_Instructions for the task_: Output only the lines below from the one holding "Answer yes or no. Yes. Is Sienna greater" down to the one holding "Who were all", both end lines included and every picture dropped.

_Data records_:
++++
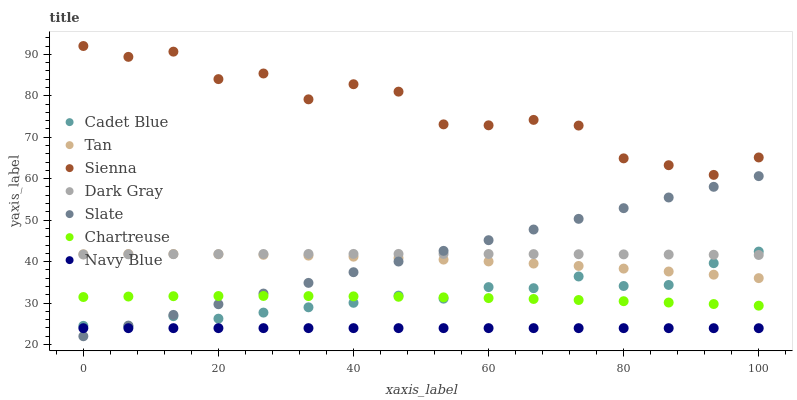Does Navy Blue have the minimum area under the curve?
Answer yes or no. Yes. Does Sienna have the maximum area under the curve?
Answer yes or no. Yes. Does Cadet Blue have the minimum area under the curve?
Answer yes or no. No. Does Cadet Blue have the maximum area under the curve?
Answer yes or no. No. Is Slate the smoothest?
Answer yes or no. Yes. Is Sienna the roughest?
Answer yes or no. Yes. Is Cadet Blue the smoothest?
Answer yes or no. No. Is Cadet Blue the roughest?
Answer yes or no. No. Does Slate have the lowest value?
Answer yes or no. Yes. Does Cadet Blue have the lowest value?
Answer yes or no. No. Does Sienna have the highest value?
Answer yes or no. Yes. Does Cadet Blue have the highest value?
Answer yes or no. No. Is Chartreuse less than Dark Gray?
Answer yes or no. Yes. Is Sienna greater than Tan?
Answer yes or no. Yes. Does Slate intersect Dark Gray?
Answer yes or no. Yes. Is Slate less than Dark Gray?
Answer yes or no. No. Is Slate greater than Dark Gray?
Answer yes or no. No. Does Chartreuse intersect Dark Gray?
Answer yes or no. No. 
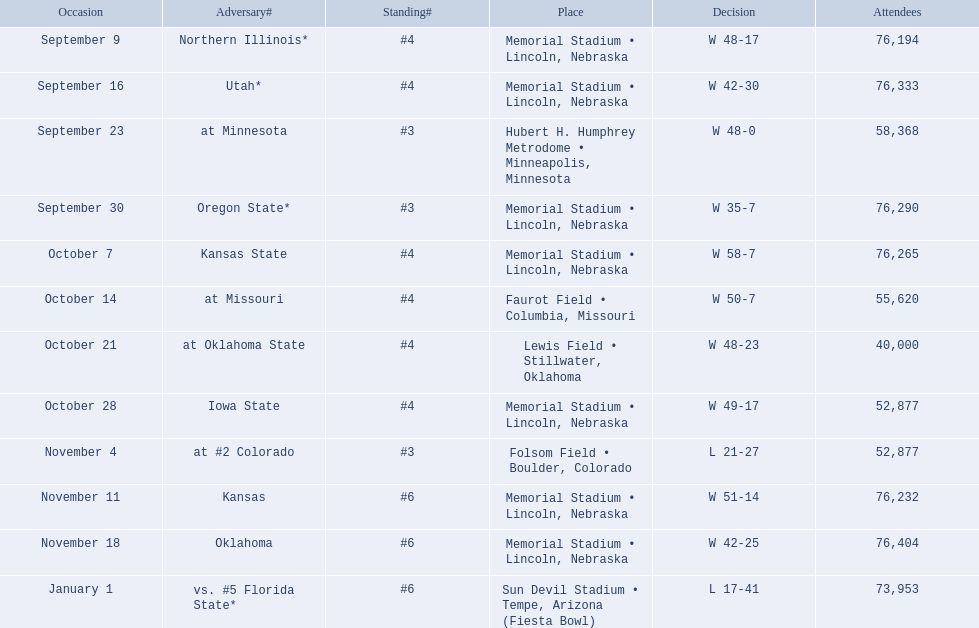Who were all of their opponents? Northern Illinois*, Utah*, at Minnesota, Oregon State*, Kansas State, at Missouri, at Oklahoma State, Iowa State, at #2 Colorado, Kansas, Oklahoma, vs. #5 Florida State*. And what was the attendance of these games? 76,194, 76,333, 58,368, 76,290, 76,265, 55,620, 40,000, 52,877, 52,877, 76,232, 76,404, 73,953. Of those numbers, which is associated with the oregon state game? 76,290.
++++
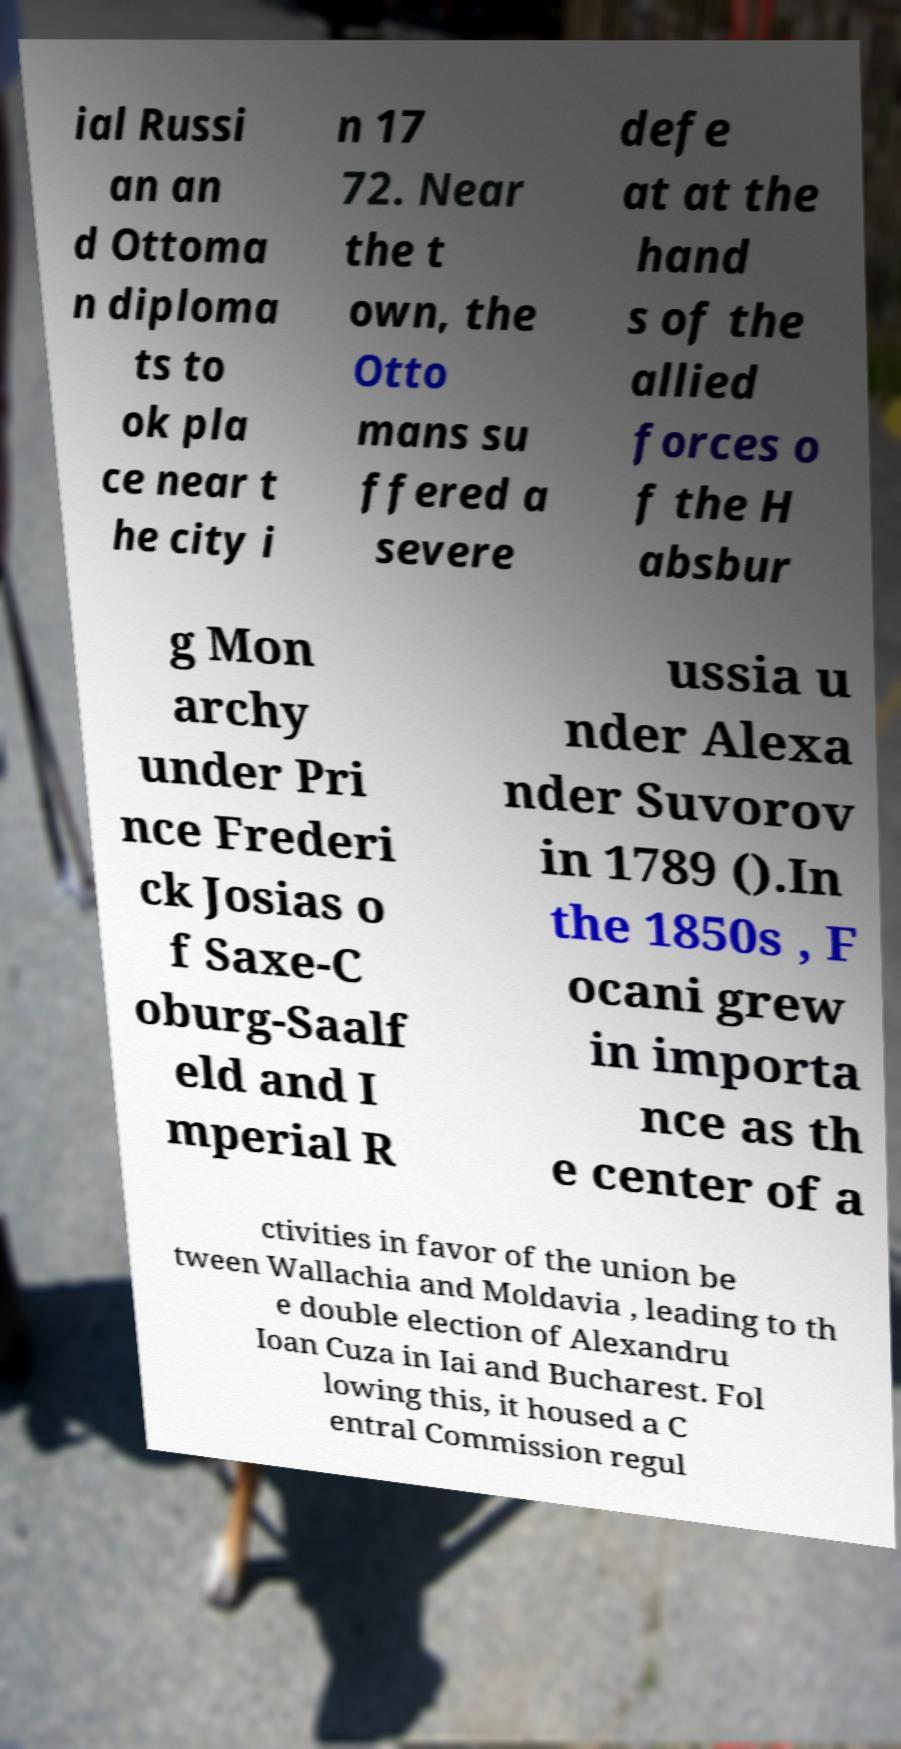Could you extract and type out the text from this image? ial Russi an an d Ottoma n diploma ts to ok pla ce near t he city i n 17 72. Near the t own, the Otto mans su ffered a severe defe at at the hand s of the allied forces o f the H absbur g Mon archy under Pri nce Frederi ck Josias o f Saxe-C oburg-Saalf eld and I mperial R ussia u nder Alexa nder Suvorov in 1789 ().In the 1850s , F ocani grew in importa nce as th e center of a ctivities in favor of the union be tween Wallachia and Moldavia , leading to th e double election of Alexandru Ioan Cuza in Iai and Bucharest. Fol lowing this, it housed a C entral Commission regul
++++
_Task answer_:
Answer yes or no. Yes. Is Sienna greater than Tan?
Answer yes or no. Yes. Does Slate intersect Dark Gray?
Answer yes or no. Yes. Is Slate less than Dark Gray?
Answer yes or no. No. Is Slate greater than Dark Gray?
Answer yes or no. No. Does Chartreuse intersect Dark Gray?
Answer yes or no. No. 
Who were all of their opponents? Northern Illinois*, Utah*, at Minnesota, Oregon State*, Kansas State, at Missouri, at Oklahoma State, Iowa State, at #2 Colorado, Kansas, Oklahoma, vs. #5 Florida State*. And what was the attendance of these games? 76,194, 76,333, 58,368, 76,290, 76,265, 55,620, 40,000, 52,877, 52,877, 76,232, 76,404, 73,953. Of those numbers, which is associated with the oregon state game? 76,290.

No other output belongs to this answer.